Bir kaç gün önce sekiz yaşındaki yeğenim ile beraber okula doğru yürüyorduk. Yeğenim birdenbire durdu ve yol kenarındaki çiçeklerden bir tane koparıp cebine koydu. Çiçekleri koparmaması gerektiğini söyledim, o da bana yapacağı "duygu deneyi" için gerekli olduğunu söyledi.
Duygu deneyi nedir? diye sordum.
Bu çiçeği duygularını ifade etmekte zorlanan arkadaşı için kopardığını, çiçeği ona verince göstereceği tepkiyi ya da duyguyu merak ettiğini söyledi.
Duygularını ifade etmesi ve bunu öğrenmen neden önemli? diye sordum.
"Duyguları içimizde tutarsak ve göstermezsek içimizde çok yer kaplar, içimiz dolup taşar ve karşıdaki kişi bizim ne hissettiğimizi öğrenemez" dedi.
Sekiz yaşında bir çocuğun karşındaki insanın duygusunu merak etmesi ve o duyguya saygı duyması gerektiğini düşünmesi beni bir hayli düşündürdü.
Bizler, kocaman insanlar, birbirimizin duygularını ne kadar önemsiyoruz?
Duyguları ifade etmenin önemi nedir?
Karşımızdakinin hissettiklerini ve kendi duygularımızı neden bu kadar ihmal ediyoruz?
Yeğenimi okula bıraktıktan sonra uzun bir süre bunları düşündüm.
Evet, biz duygularımızı ifade edemiyoruz. Çünkü, tepkilerden çekiniyor, toplumun çocukluğumuzdan itibaren öğrettiği, duyguları bastırmamız yönündeki telkinler yüzünden içimizde kocaman bir duygu yığını ile yaşıyoruz. Ağlamaya, "canım acıdı" demeye, kahkaha atmaya utanıyoruz.
Peki neden?
Çünkü;
Ağlayan birine; "ağlama" diyoruz.
Üzülen birine; " üzülme."
Gülen birini görünce; " bu kadar gülecek ne var?"

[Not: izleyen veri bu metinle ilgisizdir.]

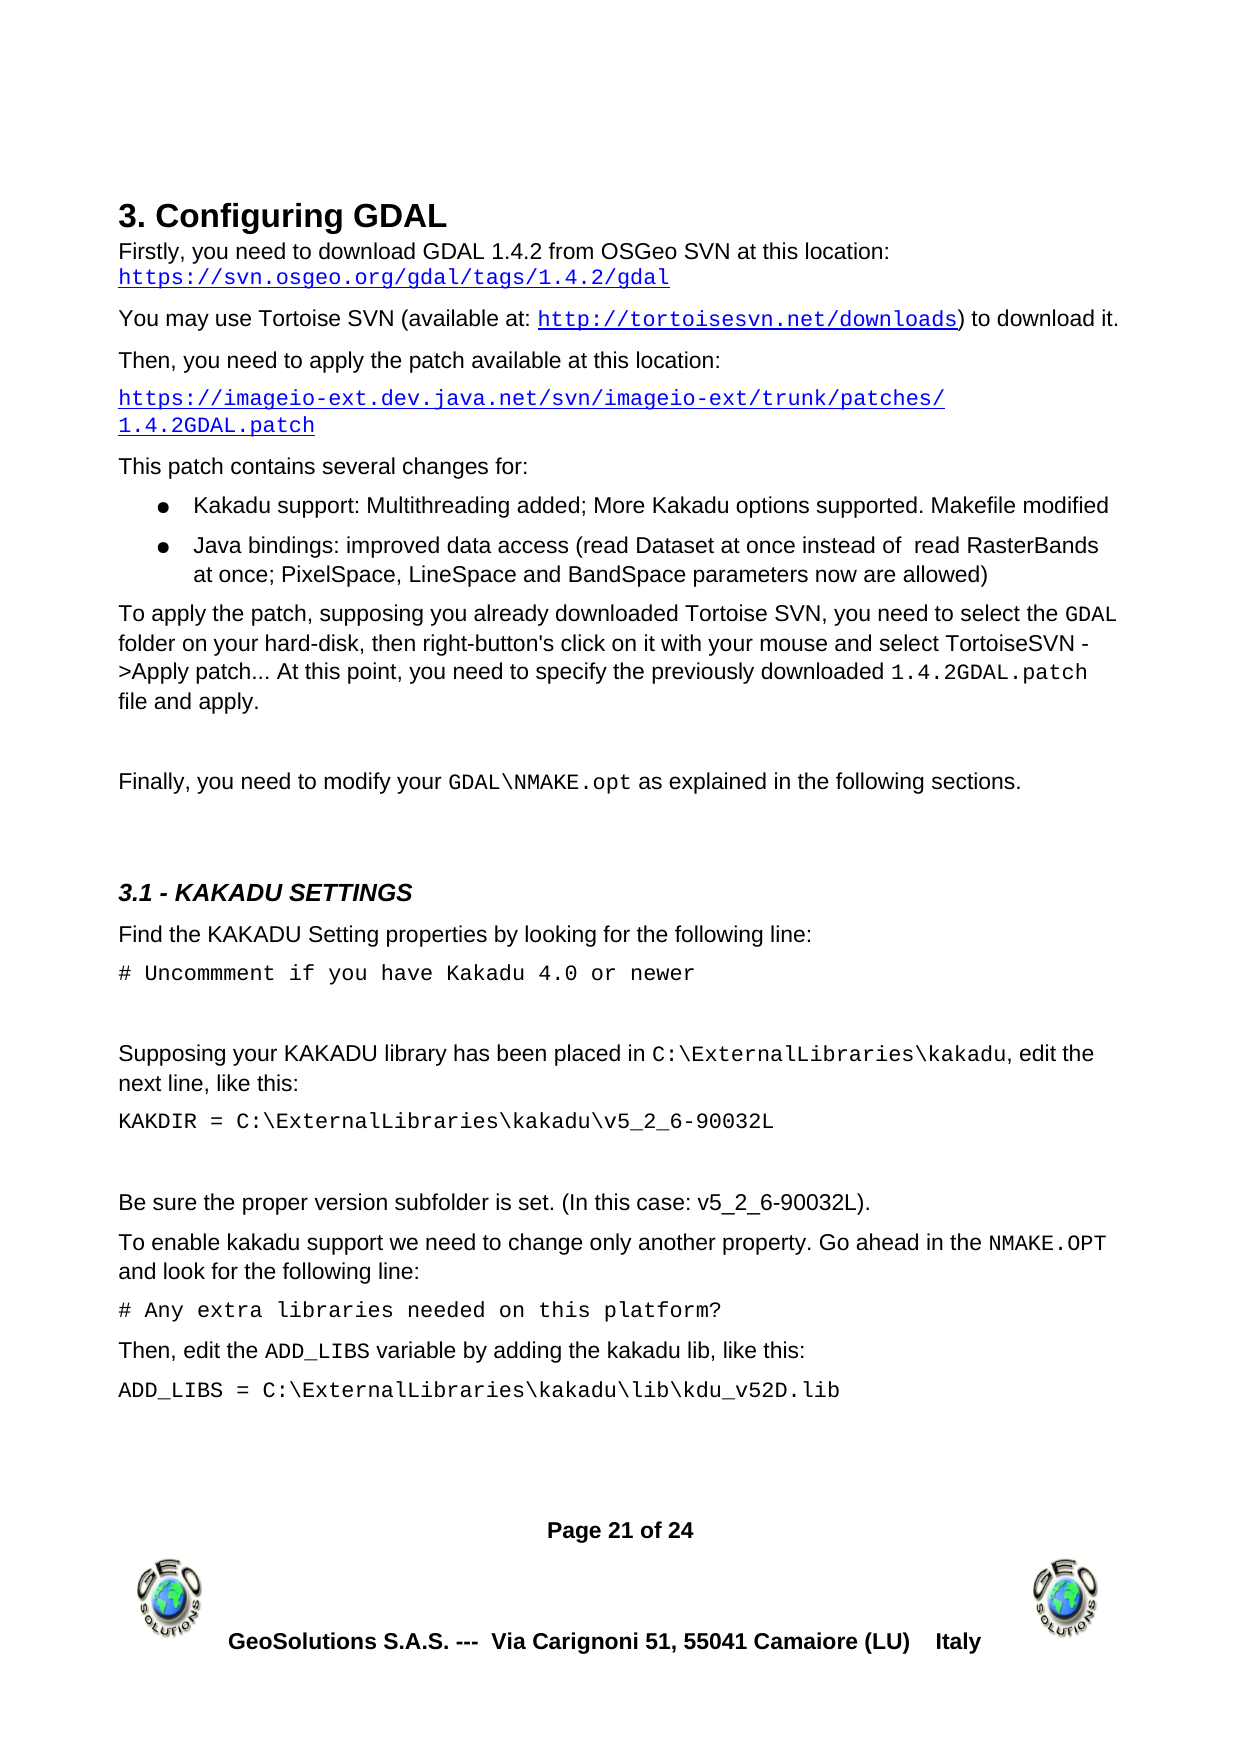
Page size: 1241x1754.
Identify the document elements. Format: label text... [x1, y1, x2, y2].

text Then, edit the ADD_LIBS variable by adding the kakadu lib, like this: [118, 1338, 1122, 1365]
subtitle 3. Configuring GDAL [118, 198, 1122, 235]
text Finally, you need to modify your GDAL\NMAKE.opt as explained in the following sections. [118, 769, 1122, 796]
text # Any extra libraries needed on this platform? [118, 1299, 1122, 1324]
text This patch contains several changes for: [118, 453, 1122, 479]
text ADD_LIBS = C:\ExternalLibraries\kakadu\lib\kdu_v52D.lib [118, 1379, 1122, 1404]
subtitle 3.1 - KAKADU SETTINGS [118, 879, 1122, 907]
list Java bindings: improved data access (read Dataset at once instead of read RasterBands at once; PixelSpace, LineSpace and BandSpace parameters now are allowed) [156, 533, 1122, 587]
text Firstly, you need to download GDAL 1.4.2 from OSGeo SVN at this location: https://svn.osgeo.org/gdal/tags/1.4.2/gdal [118, 238, 1122, 291]
list Kakadu support: Multithreading added; More Kakadu options supported. Makefile modified [156, 493, 1122, 519]
text You may use Tortoise SVN (available at: http://tortoisesvn.net/downloads) to download it. [118, 306, 1122, 333]
text Be sure the proper version subfolder is set. (In this case: v5_2_6-90032L). [118, 1189, 1122, 1215]
text Find the KAKADU Setting properties by looking for the following line: [118, 922, 1122, 948]
picture [134, 1552, 205, 1641]
text To enable kakadu support we need to change only another property. Go ahead in the NMAKE.OPT and look for the following line: [118, 1229, 1122, 1284]
text Supposing your KAKADU library has been placed in C:\ExternalLibraries\kakadu, edit the next line, like this: [118, 1041, 1122, 1096]
text To apply the patch, supposing you already downloaded Tortoise SVN, you need to select the GDAL folder on your hard-disk, then right-button's click on it with your mouse and select TortoiseSVN ->Apply patch... At this point, you need to specify the previously downloaded 1.4.2GDAL.patch file and apply. [118, 601, 1122, 714]
text https://imageio-ext.dev.java.net/svn/imageio-ext/trunk/patches/1.4.2GDAL.patch [118, 387, 1122, 439]
picture [1030, 1552, 1101, 1641]
text Then, you need to apply the patch available at this location: [118, 347, 1122, 373]
text # Uncommment if you have Kakadu 4.0 or newer [118, 962, 1122, 987]
text KAKDIR = C:\ExternalLibraries\kakadu\v5_2_6-90032L [118, 1110, 1122, 1135]

Duygularımızı ifade edemiyor, eden birine karşıda yanlış tutum sergiliyoruz. Karşıdaki insanın vereceği tepki, söyleyeceği söz, bizim hissettiklerimizin önüne geçiyor.
Peki sonra ne oluyor?
Birikmiş duygular yığını ile belli bir yaşa kadar anca geliyoruz. Sonra stres, sıkıntı, duygu çöküşleri, duygusal yaralanmalar yaşıyor, biriken duyguların altında kalan bedenimiz, hastalık sinyalleri veriyor.
Ben, küçücük bir çocuktan duygunun ifade edilmesinin önemini bir kez daha öğrendim.
Sadece bedenden ibaret değiliz. Ruhumuz, hislerimiz ve duygularımız var.
İçimizdeki sesler konuştukça zihnimiz, ruhumuz ve dahi duygularımız hafifleyecektir.
O zaman hepimiz duygu deneyi için kendimize bir çiçek götürelim, ne dersiniz?